An exact transcription of each entry below is required, without any pictures.

(Stored data entries)
>>>

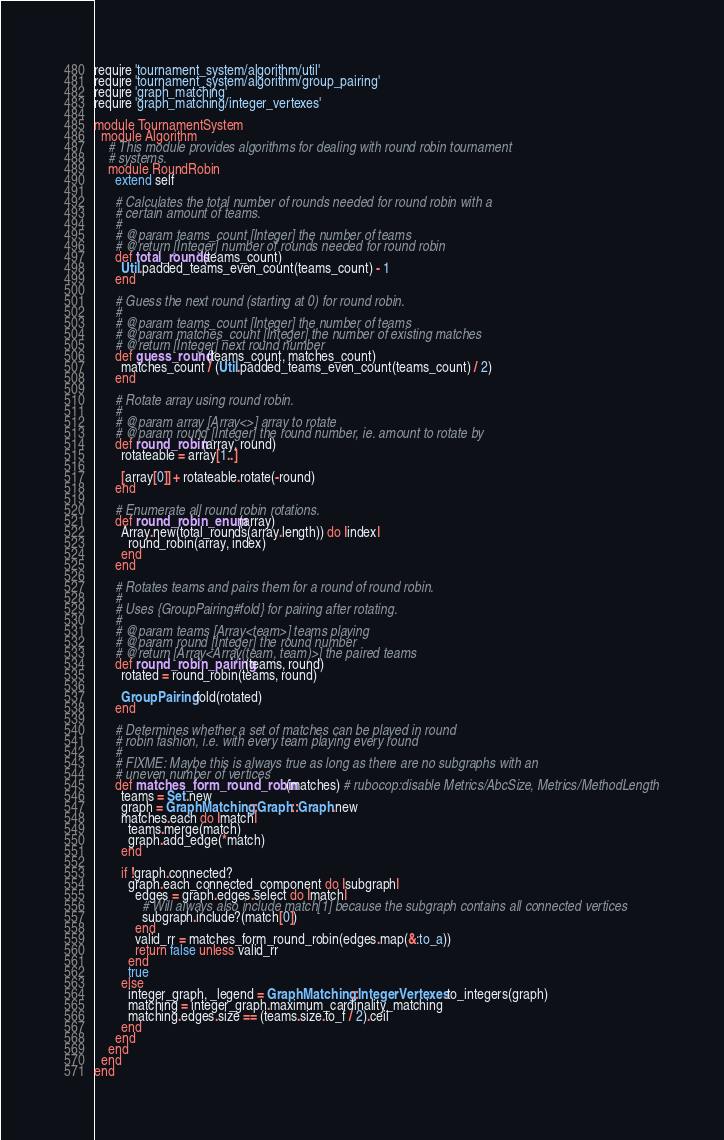Convert code to text. <code><loc_0><loc_0><loc_500><loc_500><_Ruby_>require 'tournament_system/algorithm/util'
require 'tournament_system/algorithm/group_pairing'
require 'graph_matching'
require 'graph_matching/integer_vertexes'

module TournamentSystem
  module Algorithm
    # This module provides algorithms for dealing with round robin tournament
    # systems.
    module RoundRobin
      extend self

      # Calculates the total number of rounds needed for round robin with a
      # certain amount of teams.
      #
      # @param teams_count [Integer] the number of teams
      # @return [Integer] number of rounds needed for round robin
      def total_rounds(teams_count)
        Util.padded_teams_even_count(teams_count) - 1
      end

      # Guess the next round (starting at 0) for round robin.
      #
      # @param teams_count [Integer] the number of teams
      # @param matches_count [Integer] the number of existing matches
      # @return [Integer] next round number
      def guess_round(teams_count, matches_count)
        matches_count / (Util.padded_teams_even_count(teams_count) / 2)
      end

      # Rotate array using round robin.
      #
      # @param array [Array<>] array to rotate
      # @param round [Integer] the round number, ie. amount to rotate by
      def round_robin(array, round)
        rotateable = array[1..]

        [array[0]] + rotateable.rotate(-round)
      end

      # Enumerate all round robin rotations.
      def round_robin_enum(array)
        Array.new(total_rounds(array.length)) do |index|
          round_robin(array, index)
        end
      end

      # Rotates teams and pairs them for a round of round robin.
      #
      # Uses {GroupPairing#fold} for pairing after rotating.
      #
      # @param teams [Array<team>] teams playing
      # @param round [Integer] the round number
      # @return [Array<Array(team, team)>] the paired teams
      def round_robin_pairing(teams, round)
        rotated = round_robin(teams, round)

        GroupPairing.fold(rotated)
      end

      # Determines whether a set of matches can be played in round
      # robin fashion, i.e. with every team playing every round
      #
      # FIXME: Maybe this is always true as long as there are no subgraphs with an
      # uneven number of vertices
      def matches_form_round_robin(matches) # rubocop:disable Metrics/AbcSize, Metrics/MethodLength
        teams = Set.new
        graph = GraphMatching::Graph::Graph.new
        matches.each do |match|
          teams.merge(match)
          graph.add_edge(*match)
        end

        if !graph.connected?
          graph.each_connected_component do |subgraph|
            edges = graph.edges.select do |match|
              # Will always also include match[1] because the subgraph contains all connected vertices
              subgraph.include?(match[0])
            end
            valid_rr = matches_form_round_robin(edges.map(&:to_a))
            return false unless valid_rr
          end
          true
        else
          integer_graph, _legend = GraphMatching::IntegerVertexes.to_integers(graph)
          matching = integer_graph.maximum_cardinality_matching
          matching.edges.size == (teams.size.to_f / 2).ceil
        end
      end
    end
  end
end
</code>

<<<

- [Output below]:
Convert code to text. <code><loc_0><loc_0><loc_500><loc_500><_Ruby_>require 'tournament_system/algorithm/util'
require 'tournament_system/algorithm/group_pairing'
require 'graph_matching'
require 'graph_matching/integer_vertexes'

module TournamentSystem
  module Algorithm
    # This module provides algorithms for dealing with round robin tournament
    # systems.
    module RoundRobin
      extend self

      # Calculates the total number of rounds needed for round robin with a
      # certain amount of teams.
      #
      # @param teams_count [Integer] the number of teams
      # @return [Integer] number of rounds needed for round robin
      def total_rounds(teams_count)
        Util.padded_teams_even_count(teams_count) - 1
      end

      # Guess the next round (starting at 0) for round robin.
      #
      # @param teams_count [Integer] the number of teams
      # @param matches_count [Integer] the number of existing matches
      # @return [Integer] next round number
      def guess_round(teams_count, matches_count)
        matches_count / (Util.padded_teams_even_count(teams_count) / 2)
      end

      # Rotate array using round robin.
      #
      # @param array [Array<>] array to rotate
      # @param round [Integer] the round number, ie. amount to rotate by
      def round_robin(array, round)
        rotateable = array[1..]

        [array[0]] + rotateable.rotate(-round)
      end

      # Enumerate all round robin rotations.
      def round_robin_enum(array)
        Array.new(total_rounds(array.length)) do |index|
          round_robin(array, index)
        end
      end

      # Rotates teams and pairs them for a round of round robin.
      #
      # Uses {GroupPairing#fold} for pairing after rotating.
      #
      # @param teams [Array<team>] teams playing
      # @param round [Integer] the round number
      # @return [Array<Array(team, team)>] the paired teams
      def round_robin_pairing(teams, round)
        rotated = round_robin(teams, round)

        GroupPairing.fold(rotated)
      end

      # Determines whether a set of matches can be played in round
      # robin fashion, i.e. with every team playing every round
      #
      # FIXME: Maybe this is always true as long as there are no subgraphs with an
      # uneven number of vertices
      def matches_form_round_robin(matches) # rubocop:disable Metrics/AbcSize, Metrics/MethodLength
        teams = Set.new
        graph = GraphMatching::Graph::Graph.new
        matches.each do |match|
          teams.merge(match)
          graph.add_edge(*match)
        end

        if !graph.connected?
          graph.each_connected_component do |subgraph|
            edges = graph.edges.select do |match|
              # Will always also include match[1] because the subgraph contains all connected vertices
              subgraph.include?(match[0])
            end
            valid_rr = matches_form_round_robin(edges.map(&:to_a))
            return false unless valid_rr
          end
          true
        else
          integer_graph, _legend = GraphMatching::IntegerVertexes.to_integers(graph)
          matching = integer_graph.maximum_cardinality_matching
          matching.edges.size == (teams.size.to_f / 2).ceil
        end
      end
    end
  end
end
</code>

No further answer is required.